Long before Julius Caeser built the Roman Empire, a glorious civilization in southern Mexico was carving sophisticated hieroglyphs in the stone walls of its great palaces and temples.
Today, Caesar has his name on a casino in Las Vegas and one of those ancient Mayan hieroglyphs is being used to market an advertising agency in West Los Angeles.
La Agencia de Orci's new logo was originally used in pre-Columbian hieroglyphics to symbolize that what followed was going to be really important; translated into English, the symbol would mean, roughly, "Communication which is sacred."
It's purely coincidental that the symbol looks a lot like a Nike swoosh, only backwards.
"An association with Nike is always very pleasant, even though it was not our intention," said La Agencia Co-Chairman Hector Orci, whose agency specializes in Spanish-language advertising.

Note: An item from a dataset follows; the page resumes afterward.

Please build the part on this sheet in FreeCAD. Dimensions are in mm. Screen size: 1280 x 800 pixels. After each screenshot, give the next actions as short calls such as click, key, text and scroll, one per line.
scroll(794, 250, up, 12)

Orci's new logo is of interest for more than just its heritage. It's an example of something surprisingly rare: an ad agency practicing what it preaches.
Very few agencies bother to come up with their own logos, slogans or brand identities, even though they are paid handsomely to create these things for other companies.
There are, of course, exceptions. But most local agencies seem to think it's enough simply to come up with a stylistic nameplate for their letterheads, and leave it at that.
"Most agencies are terrible at marketing themselves," said Michael Marsak, who runs advertising consultancy Effective Marketing Strategies Inc. in Marina del Rey. "Most of them have an episodic approach to new business programs. They put together a reel and a brochure, send them out once a year, and then when they don't get a response they forget about it."
La Agencia de Orci's new logo will be used on correspondence, materials used in new-business presentations, internal communications, business cards, and so forth.
"It's a good opportunity to remind clients and prospective clients what we stand for," Orci said.
A much bigger local agency, Saatchi & Saatchi Pacific, has taken the concept a step further.
Saatchi's parent, under new Chief Executive Kevin Roberts, is trying to reinvent itself as a shop focused on great creative work. So over the summer, Saatchi & Saatchi Pacific Executive Creative Director Joe McDonagh took the agency's long-time, little-used slogan "Nothing is Impossible" and gave it a makeover.
McDonagh hired artist Gary Baseman to paint a series of works illustrating the "impossible" theme like a pig flying, hell freezing over, money growing on trees and a square peg going through a round hole. The attractive prints have been plastered on thousands of postcards, printed on T-shirts, posted all over the agency's Web site, and postitively hits you over the head when you visit the agency's Torrance office.